### WORKING DATA
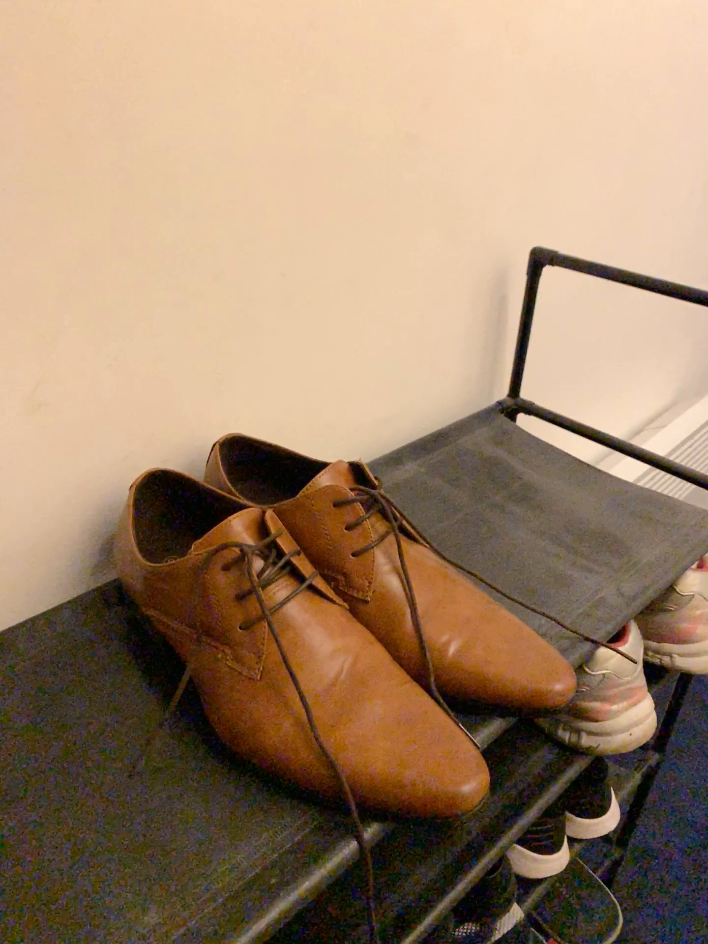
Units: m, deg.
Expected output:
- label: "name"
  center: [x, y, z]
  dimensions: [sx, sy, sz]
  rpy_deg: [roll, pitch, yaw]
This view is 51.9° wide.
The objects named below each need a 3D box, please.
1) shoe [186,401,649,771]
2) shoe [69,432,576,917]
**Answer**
- label: "shoe"
  center: [0.026, 0.054, 0.489]
  dimensions: [0.291, 0.099, 0.101]
  rpy_deg: [23, 37, 33]
- label: "shoe"
  center: [-0.033, 0.084, 0.409]
  dimensions: [0.271, 0.099, 0.111]
  rpy_deg: [26, 38, 36]

### EXERCISE BRIEF
The required answer is the exact run of lines above starting at the line with "dimensions: [sx, sy, sz]" and ending at the line with "2) shoe [69,432,576,917]", with both ends present.

### TASK RESULT
  dimensions: [sx, sy, sz]
  rpy_deg: [roll, pitch, yaw]
This view is 51.9° wide.
The objects named below each need a 3D box, please.
1) shoe [186,401,649,771]
2) shoe [69,432,576,917]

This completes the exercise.